EXTRACTED RECORDS section start

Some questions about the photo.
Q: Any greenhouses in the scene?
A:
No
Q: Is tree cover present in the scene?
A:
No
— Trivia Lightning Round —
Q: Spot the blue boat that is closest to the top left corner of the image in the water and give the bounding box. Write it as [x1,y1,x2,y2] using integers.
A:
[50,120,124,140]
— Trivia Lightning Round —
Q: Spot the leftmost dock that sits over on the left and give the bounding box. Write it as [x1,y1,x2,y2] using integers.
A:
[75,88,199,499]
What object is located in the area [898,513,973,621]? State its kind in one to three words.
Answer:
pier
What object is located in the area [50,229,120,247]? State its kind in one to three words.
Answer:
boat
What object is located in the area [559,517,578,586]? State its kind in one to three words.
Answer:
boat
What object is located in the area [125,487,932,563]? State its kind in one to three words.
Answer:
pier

EXTRACTED RECORDS section end
EXTRACTED RECORDS section start

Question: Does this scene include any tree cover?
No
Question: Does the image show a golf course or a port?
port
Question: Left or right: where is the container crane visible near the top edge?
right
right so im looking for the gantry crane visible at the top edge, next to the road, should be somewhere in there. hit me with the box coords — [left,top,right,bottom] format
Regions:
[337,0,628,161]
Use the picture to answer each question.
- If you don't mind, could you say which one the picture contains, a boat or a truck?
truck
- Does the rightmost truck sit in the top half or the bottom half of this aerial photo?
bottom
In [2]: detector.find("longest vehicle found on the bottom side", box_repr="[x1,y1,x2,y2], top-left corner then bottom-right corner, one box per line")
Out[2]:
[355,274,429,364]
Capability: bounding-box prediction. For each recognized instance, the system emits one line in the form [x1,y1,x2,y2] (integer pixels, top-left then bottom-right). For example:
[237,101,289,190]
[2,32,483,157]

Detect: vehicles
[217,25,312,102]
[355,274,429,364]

EXTRACTED RECORDS section end

▸ BRIEF:
Wherever the string "Write" occurs in the records, copy the line it is in.

▸ RESPONSE:
Q: Spot the blue boat that is closest to the top left corner of the image in the water and give the bounding box. Write it as [x1,y1,x2,y2] using integers.
Q: Spot the leftmost dock that sits over on the left and give the bounding box. Write it as [x1,y1,x2,y2] using integers.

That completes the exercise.